Persone e fatti rappresentativi
All'età di 17 anni ho chiesto a mio padre cosa fosse la borsa. Papà, che non è del mestiere, non mi ha dato una risposta esaustiva. Ho iniziato così a informarmi autonomamente e ho deciso di acquistare il mio primo libro "La mente del trader" di Giacomo Probo.
Un errore madornale! Eppure mi ha aiutato a comprendere la follia dei mercati e dell'analisi tecnica. Insomma un inutile, a parer mio, concentrato di passato, di società che diventano solo articolati grafici, una scommessa e nulla più.
Non sono arrivato nemmeno a metà.
Insoddisfatto, ho comprato il secondo libro, "Warren Buffett e l'interpretazione dei bilanci", nel quale ho potuto "leggere" il fenomeno del mercato azionario da tutt'altra prospettiva. Tutto un altro mondo. Niente più di grafici. Niente più trend. Si analizzavano le società, la loro capacità reddituale, il vantaggio competitivo durevole, la longevità in base alla tipologia del prodotto o del servizio offerti. Si selezionavano le migliori, quelle eccezionali, quelle con qualcosa di speciale, con una prospettiva di aumento del valore sul mercato decennale. Se ne calcolava il valore e si acquistavano a prezzi scontati.
Una quantità inimmaginabile di informazioni da immagazzinare, notizie su notizie. Questa teoria aveva un fondamento, un senso. Non sono mai stato un mago, non credo di essere più bravo degli altri, non avrei mai predetto crisi o buoni momenti. Ma avrei potuto studiare le società, una per una, dalla A alla Z, "divorando" ogni listino borsistico sul quale riuscivo a mettere le mani.

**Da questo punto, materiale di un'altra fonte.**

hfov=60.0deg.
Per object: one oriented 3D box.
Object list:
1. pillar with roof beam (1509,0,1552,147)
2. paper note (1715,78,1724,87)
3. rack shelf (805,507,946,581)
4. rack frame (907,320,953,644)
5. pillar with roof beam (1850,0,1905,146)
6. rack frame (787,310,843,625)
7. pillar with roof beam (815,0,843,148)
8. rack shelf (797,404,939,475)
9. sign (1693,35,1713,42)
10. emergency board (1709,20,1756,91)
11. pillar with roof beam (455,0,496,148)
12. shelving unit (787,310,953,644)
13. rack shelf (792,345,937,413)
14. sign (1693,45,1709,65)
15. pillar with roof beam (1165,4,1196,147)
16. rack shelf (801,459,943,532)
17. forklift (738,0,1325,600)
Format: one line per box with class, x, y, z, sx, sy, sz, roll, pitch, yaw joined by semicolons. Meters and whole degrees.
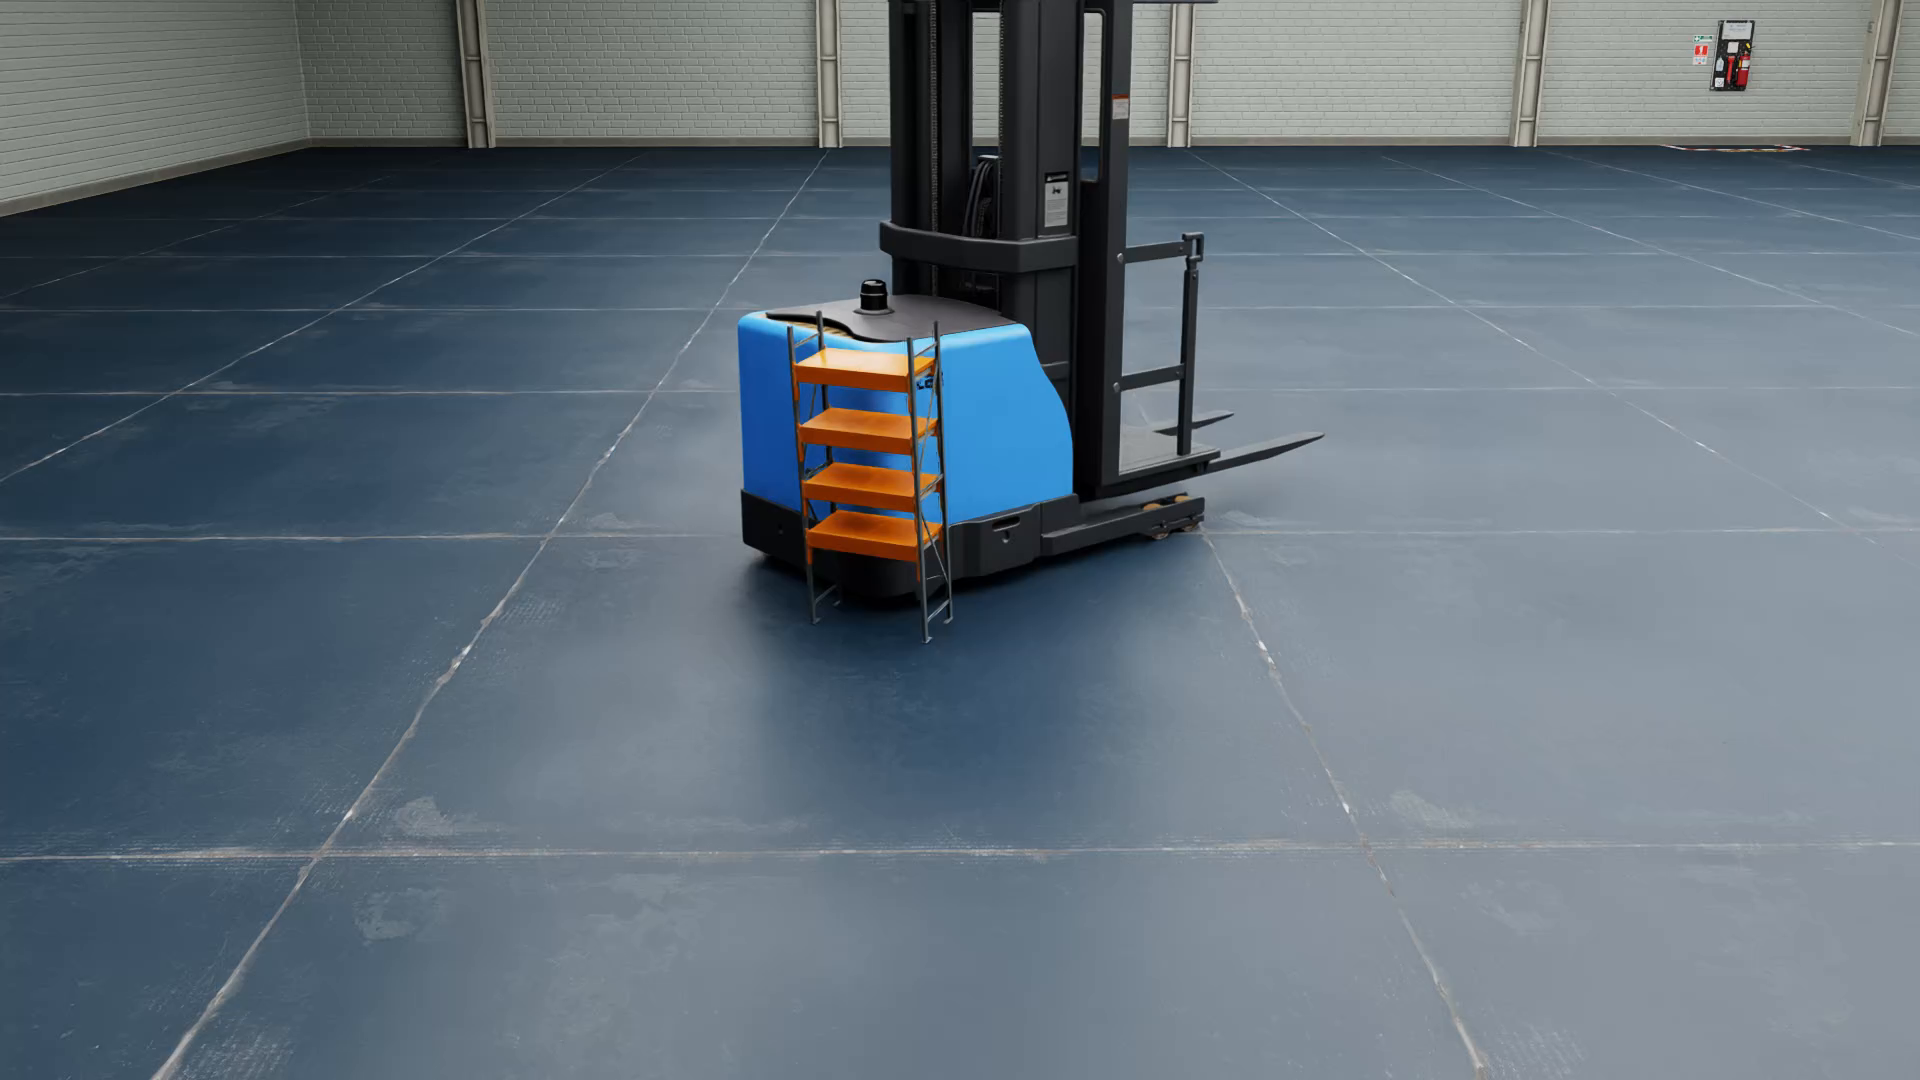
pillar with roof beam;9.842;-9.820;23.427;0.400;9.000;9.100;0;18;-1
paper note;13.123;-7.907;28.729;0.142;0.148;0.016;0;18;-1
rack shelf;-0.320;0.012;6.379;0.480;0.148;0.258;8;25;23
rack frame;-0.109;-0.203;6.180;0.015;1.200;0.240;8;25;23
pillar with roof beam;15.841;-9.849;23.517;0.400;9.000;9.100;0;18;-1
rack frame;-0.552;-0.265;6.375;0.015;1.200;0.240;8;25;23
pillar with roof beam;-2.157;-9.762;23.247;0.400;9.000;9.100;0;18;-1
rack shelf;-0.336;-0.378;6.218;0.480;0.148;0.258;8;25;23
sign;12.752;-8.602;28.527;0.331;0.109;0.001;0;18;-1
emergency board;13.302;-8.307;28.532;0.643;1.169;0.194;0;18;-1
pillar with roof beam;-8.156;-9.733;23.157;0.400;9.000;9.100;0;18;-1
shelving unit;-0.330;-0.234;6.278;0.503;1.200;0.258;8;25;23
rack shelf;-0.345;-0.597;6.128;0.480;0.148;0.258;8;25;23
sign;12.747;-8.353;28.616;0.234;0.329;0.001;0;18;-1
pillar with roof beam;3.842;-9.791;23.337;0.400;9.000;9.100;0;18;-1
rack shelf;-0.328;-0.172;6.303;0.480;0.148;0.258;8;25;23
forklift;0.500;-1.505;7.442;3.031;2.935;1.130;-14;23;-38
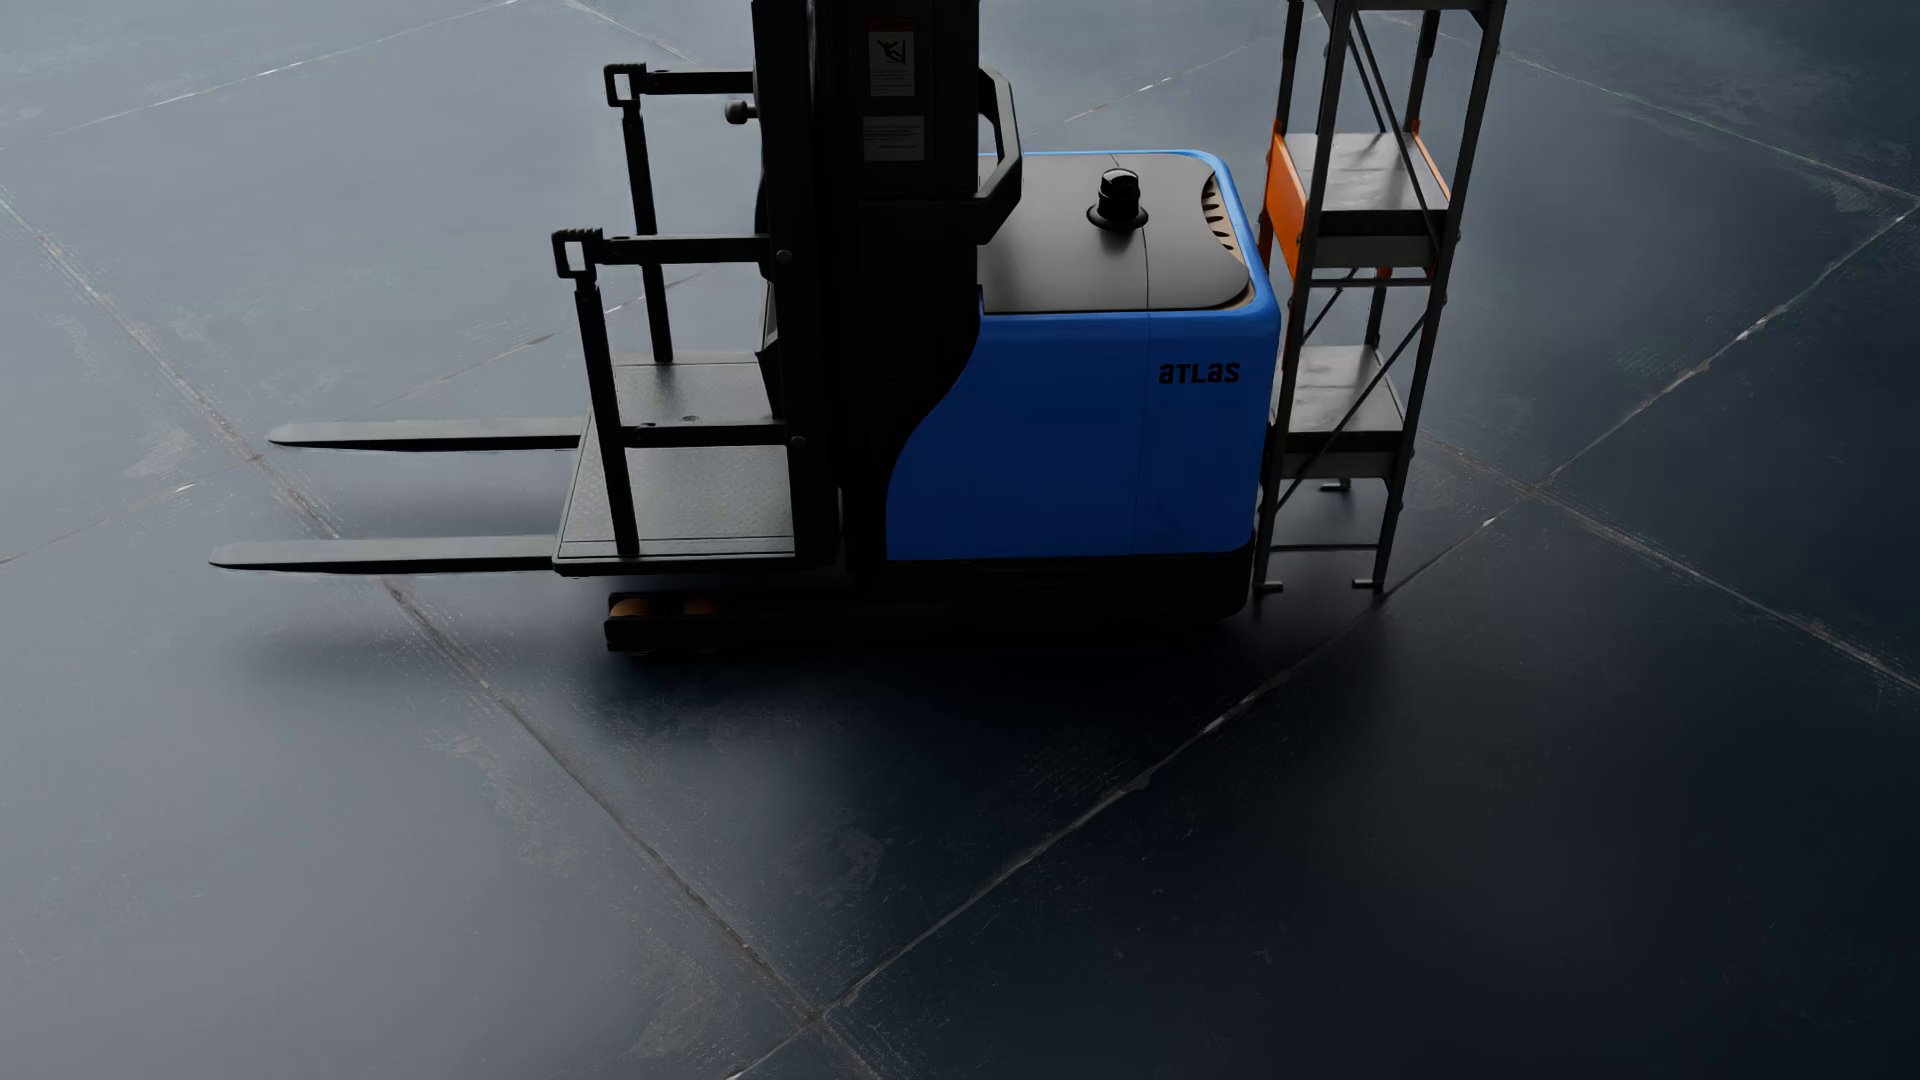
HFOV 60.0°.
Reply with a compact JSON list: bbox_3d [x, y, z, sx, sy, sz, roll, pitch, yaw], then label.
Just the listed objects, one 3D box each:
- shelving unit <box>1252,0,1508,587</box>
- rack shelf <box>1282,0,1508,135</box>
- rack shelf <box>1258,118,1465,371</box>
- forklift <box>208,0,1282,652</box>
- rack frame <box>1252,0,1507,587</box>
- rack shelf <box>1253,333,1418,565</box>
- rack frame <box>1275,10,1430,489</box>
[{"bbox_3d":[1.087,-0.833,4.609,0.431,2.100,0.503,-1,39,-1],"label":"shelving unit"},{"bbox_3d":[1.087,-1.366,4.177,0.431,0.518,0.480,-1,39,-1],"label":"rack shelf"},{"bbox_3d":[1.087,-0.822,4.618,0.431,0.518,0.480,-1,39,-1],"label":"rack shelf"},{"bbox_3d":[-0.679,-1.148,4.339,3.031,2.935,1.130,-1,39,-2],"label":"forklift"},{"bbox_3d":[1.094,-0.679,4.420,0.400,2.100,0.015,-1,39,-1],"label":"rack frame"},{"bbox_3d":[1.087,-0.279,5.059,0.431,0.518,0.480,-1,39,-1],"label":"rack shelf"},{"bbox_3d":[1.080,-0.987,4.799,0.400,2.100,0.015,-1,39,-1],"label":"rack frame"}]
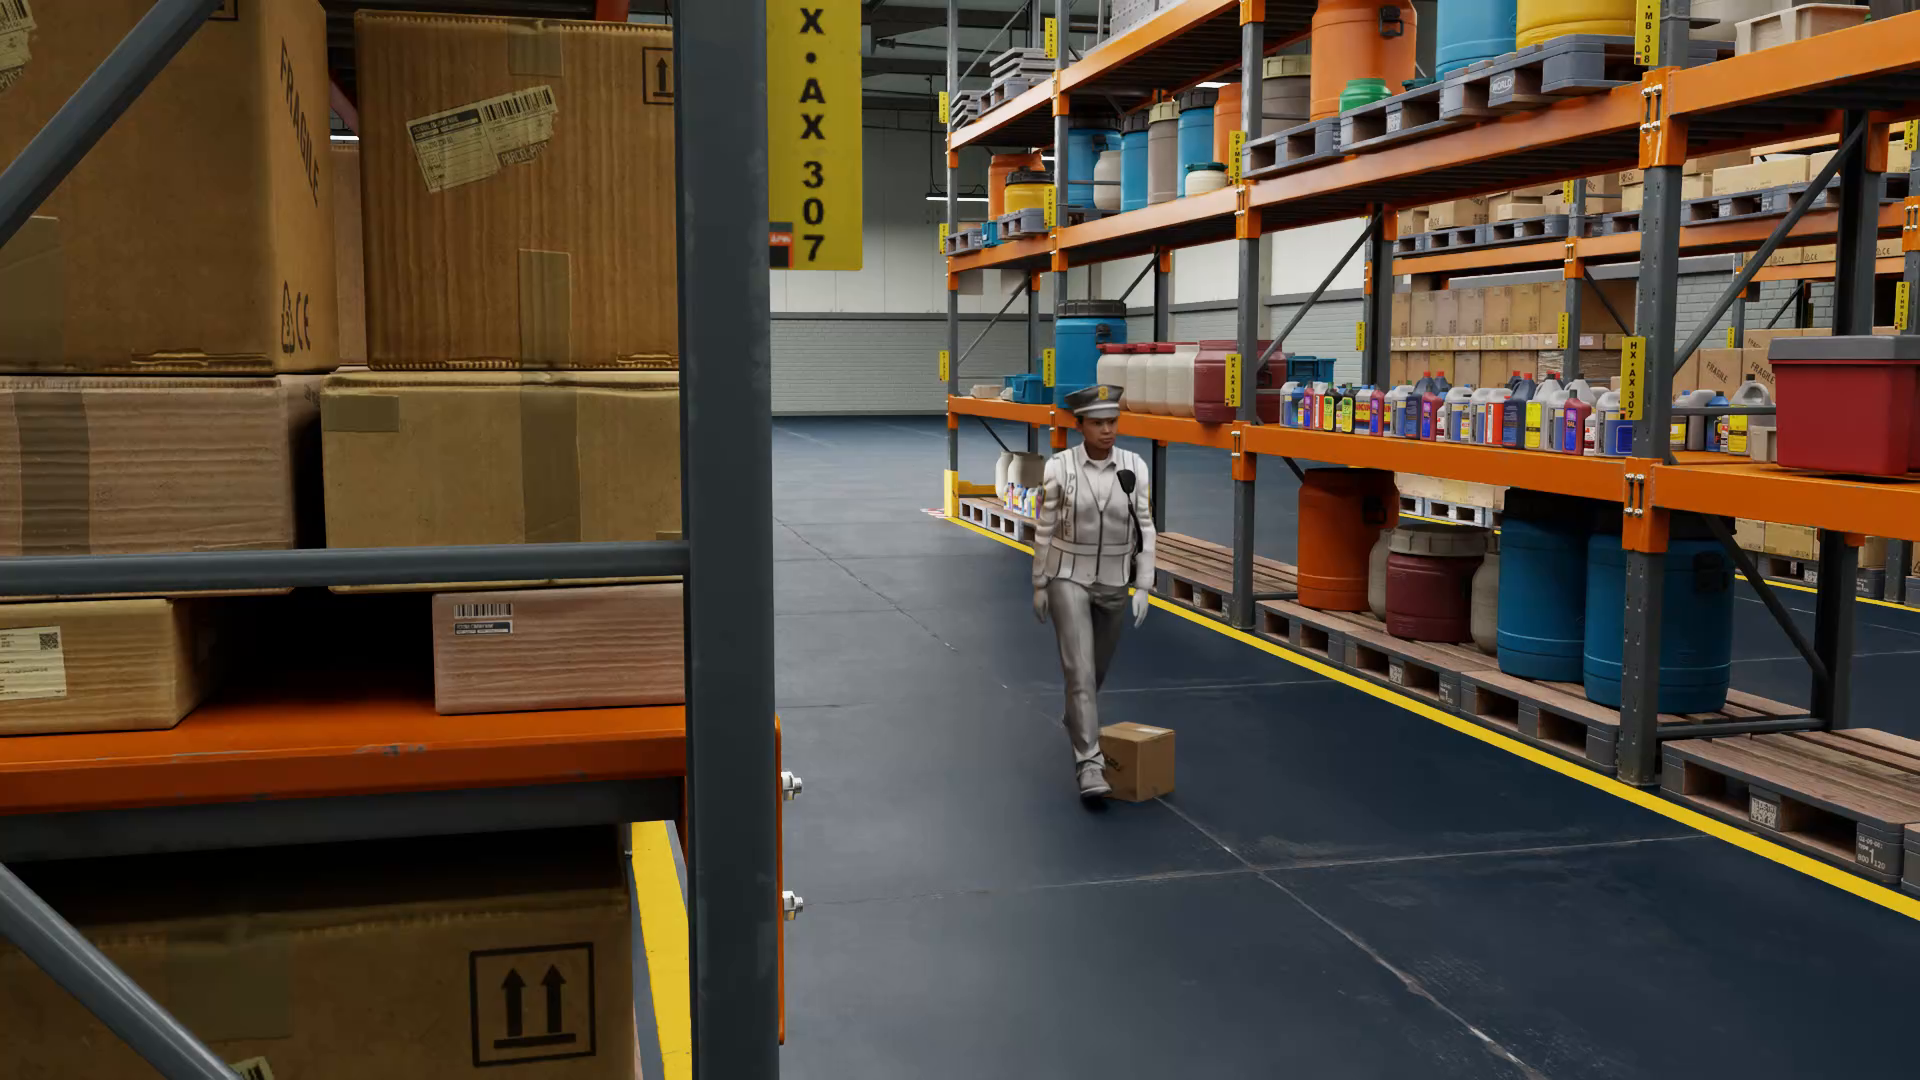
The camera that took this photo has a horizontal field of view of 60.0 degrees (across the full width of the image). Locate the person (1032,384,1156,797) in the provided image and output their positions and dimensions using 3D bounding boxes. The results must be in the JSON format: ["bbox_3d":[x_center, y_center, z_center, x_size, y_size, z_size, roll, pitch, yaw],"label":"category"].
[{"bbox_3d":[0.547,0.168,6.767,0.488,1.608,1.091,-1,6,-12],"label":"person"}]
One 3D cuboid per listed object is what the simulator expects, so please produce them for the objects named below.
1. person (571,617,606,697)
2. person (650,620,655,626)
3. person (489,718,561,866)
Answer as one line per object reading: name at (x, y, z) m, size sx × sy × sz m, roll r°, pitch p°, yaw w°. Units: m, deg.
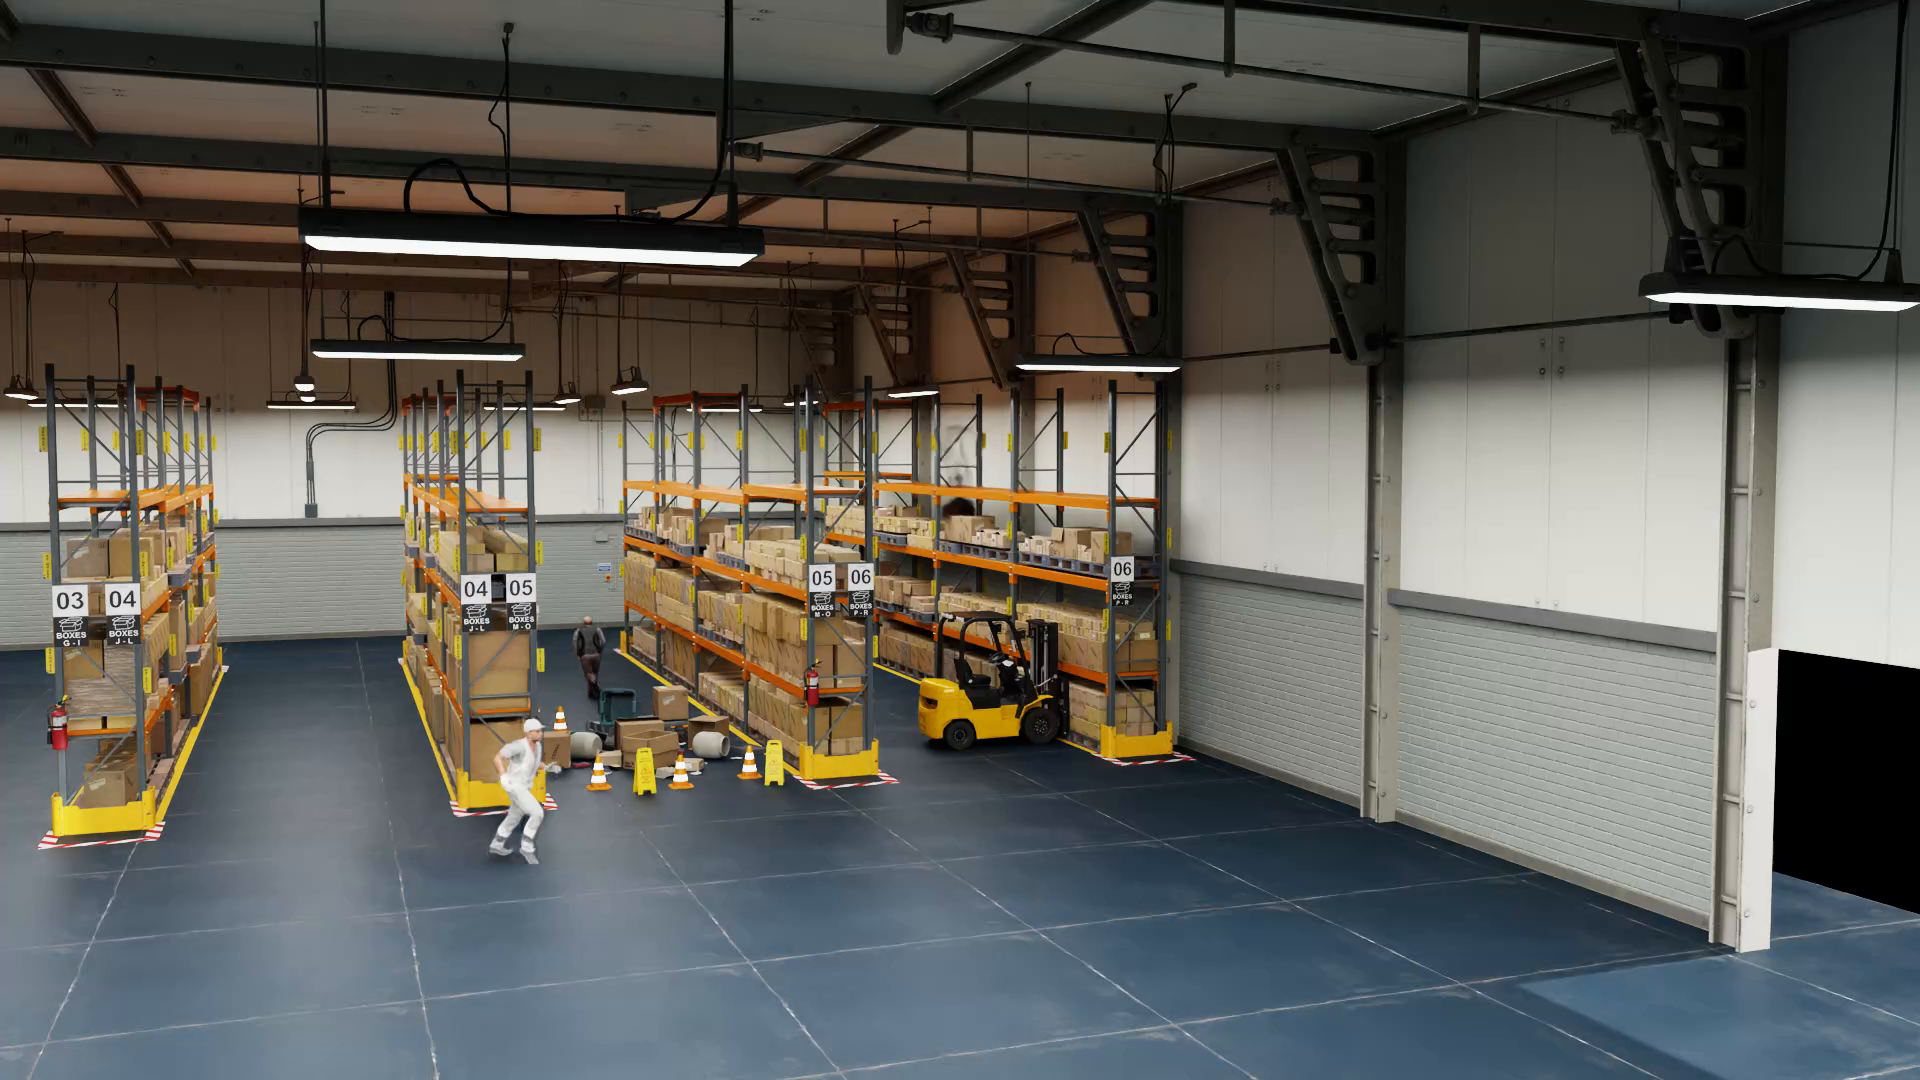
person at (-7.287, 2.321, 32.698) m, size 0.676 × 1.573 × 0.903 m, roll -1°, pitch 4°, yaw -22°
person at (-7.484, 1.813, 41.664) m, size 0.767 × 1.576 × 0.551 m, roll -2°, pitch 4°, yaw -30°
person at (-5.251, 2.991, 19.806) m, size 0.907 × 1.755 × 0.680 m, roll 1°, pitch 3°, yaw 16°

A 17 anni ho iniziato, così, a investire in borsa.
Ci sono persone, o meglio, investitori che hanno dedicato la propria vita a questa grande passione, gettandone le basi. Cinque personalità mi hanno aperto gli occhi. Ve le presento rigorosamente in ordine sparso: Warren Buffett, Philip Fisher, Benjamin Graham, John Burr Williams e mio padre.
Tutte loro mi hanno trasmesso importanti nozioni, nozioni che considero sempre nella scelta degli investimenti.
Ognuno, a suo modo, mi ha insegnato differenti principi, ma con un filo conduttore comune: essere investitori e non speculatori. Investire non è un gioco, ma un processo basato su dati essenzialmente oggettivi e razionali.
Mi hanno insegnato che solamente nel lungo termine si possono ottenere risultati superiori alla media e che non si crea valore in un giorno.
Mi hanno insegnato che le società con un vantaggio competitivo durevole sopravvivono nel lungo periodo e permettono di avere una performance più alta del mercato.
Mio padre, inoltre, che di investimenti non se ne intende, essendo un "contadino" come ama definirsi, mi ha insegnato il concetto di fossato, del quale anche Buffet parla e riparla: quando si lavora un campo, è necessario sempre costruire canali di scolo, poiché in caso di abbondanti piogge, questi permettono, incanalando le acque, di non gettare tutto il raccolto. Allo stesso modo funzionano gli investimenti: le società con il fossato, capacità di perdurare negli anni, durante forti periodi di crisi generale (le piogge) hanno la forza e le capacità per rimanere a galla e per continuare la loro crescita.
Questi grandi insegnamenti mi hanno portato alla creazione di un mio modello di investimento, più adatto alle mie esigenze.